◆ **BRIEF**: The line containing "2) ink cartridge box at [214, 89, 336, 216]" marks the end: copy exactly every line from the start of the records below up to and including it, leaving out pictures.

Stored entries
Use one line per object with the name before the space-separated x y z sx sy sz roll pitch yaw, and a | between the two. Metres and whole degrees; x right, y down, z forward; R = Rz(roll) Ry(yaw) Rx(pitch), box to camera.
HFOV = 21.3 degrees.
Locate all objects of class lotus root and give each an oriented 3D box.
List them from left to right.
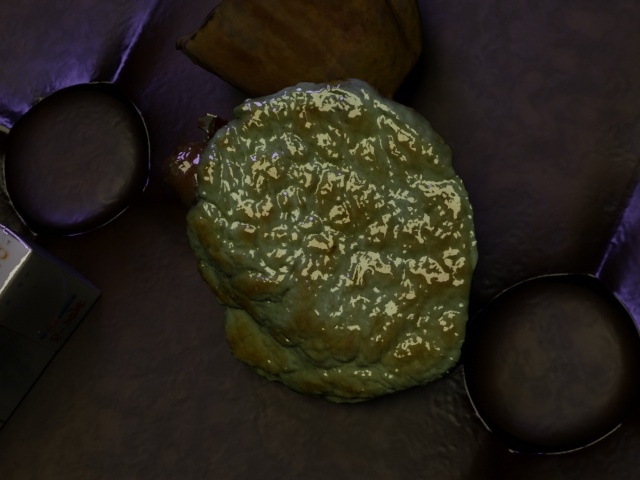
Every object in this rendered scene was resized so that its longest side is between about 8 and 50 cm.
lotus root | 0.004 -0.197 1.501 0.180 0.199 0.188 38 128 -8

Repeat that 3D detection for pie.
pie | 0.009 0.000 1.422 0.257 0.105 0.274 -19 92 25

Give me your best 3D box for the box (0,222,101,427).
box | -0.310 0.103 1.505 0.067 0.149 0.233 36 88 21
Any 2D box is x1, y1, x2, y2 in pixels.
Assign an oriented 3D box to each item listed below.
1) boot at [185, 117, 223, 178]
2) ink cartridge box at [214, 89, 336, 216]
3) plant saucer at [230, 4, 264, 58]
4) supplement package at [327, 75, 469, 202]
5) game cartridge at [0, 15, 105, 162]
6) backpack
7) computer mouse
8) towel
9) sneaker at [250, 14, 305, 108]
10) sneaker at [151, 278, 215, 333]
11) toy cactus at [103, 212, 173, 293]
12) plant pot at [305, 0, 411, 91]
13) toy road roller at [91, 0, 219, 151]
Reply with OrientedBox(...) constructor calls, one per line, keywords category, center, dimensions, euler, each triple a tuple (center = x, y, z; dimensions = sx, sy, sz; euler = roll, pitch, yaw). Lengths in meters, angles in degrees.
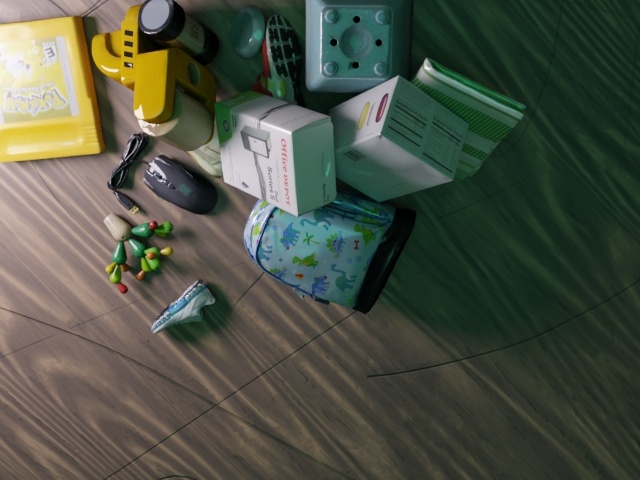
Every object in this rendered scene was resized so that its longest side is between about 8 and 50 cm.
OrientedBox(category="boot", center=(-0.266, -0.273, 1.914), dimensions=(0.213, 0.077, 0.165), euler=(43, 103, -10))
OrientedBox(category="ink cartridge box", center=(-0.100, -0.195, 1.775), dimensions=(0.115, 0.273, 0.198), euler=(-26, 126, -34))
OrientedBox(category="plant saucer", center=(-0.171, -0.473, 1.837), dimensions=(0.119, 0.021, 0.119), euler=(2, 92, 47))
OrientedBox(category="supplement package", center=(0.145, -0.210, 1.750), dimensions=(0.204, 0.262, 0.145), euler=(29, 67, -26))
OrientedBox(category="game cartridge", center=(-0.679, -0.354, 1.931), dimensions=(0.285, 0.052, 0.323), euler=(-5, 104, 6))
OrientedBox(category="backpack", center=(0.000, 0.000, 1.903), dimensions=(0.355, 0.273, 0.290), euler=(29, 113, 8))
OrientedBox(category="computer mouse", center=(-0.394, -0.120, 1.973), dimensions=(0.262, 0.060, 0.184), euler=(37, 104, -6))
OrientedBox(category="towel", center=(0.278, -0.255, 1.786), dimensions=(0.248, 0.325, 0.038), euler=(25, 66, -3))
OrientedBox(category="sneaker", center=(-0.113, -0.374, 1.864), dimensions=(0.118, 0.107, 0.279), euler=(0, 95, 40))
OrientedBox(category="sneaker", center=(-0.345, 0.187, 2.055), dimensions=(0.191, 0.071, 0.083), euler=(-38, 106, 13))
OrientedBox(category="toy cactus", center=(-0.468, 0.012, 2.004), dimensions=(0.180, 0.112, 0.219), euler=(46, 112, 1))
OrientedBox(category="plant pot", center=(0.081, -0.431, 1.754), dimensions=(0.247, 0.252, 0.247), euler=(1, 106, 3))
OrientedBox(category="toy road roller", center=(-0.374, -0.363, 1.807), dimensions=(0.241, 0.202, 0.329), euler=(-6, 78, 22))

◆ **EXERCISE RESULT**:
Use one line per object with the name before the space-separated x y z sx sy sz roll pitch yaw, and a | between the two. Metres and whole degrees; x right, y down, z forward; R = Rz(roll) Ry(yaw) Rx(pitch), box to camera.
HFOV = 21.3 degrees.
Locate all objects of class lotus root and give each an oriented 3D box.
List them from left to right.
Every object in this rendered scene was resized so that its longest side is between about 8 and 50 cm.
lotus root | 0.004 -0.197 1.501 0.180 0.199 0.188 38 128 -8

Repeat that 3D detection for pie.
pie | 0.009 0.000 1.422 0.257 0.105 0.274 -19 92 25

Give me your best 3D box for the box (0,222,101,427).
box | -0.310 0.103 1.505 0.067 0.149 0.233 36 88 21
Any 2D box is x1, y1, x2, y2 in pixels.
Assign an oriented 3D box to each item listed below.
1) boot at [185, 117, 223, 178]
2) ink cartridge box at [214, 89, 336, 216]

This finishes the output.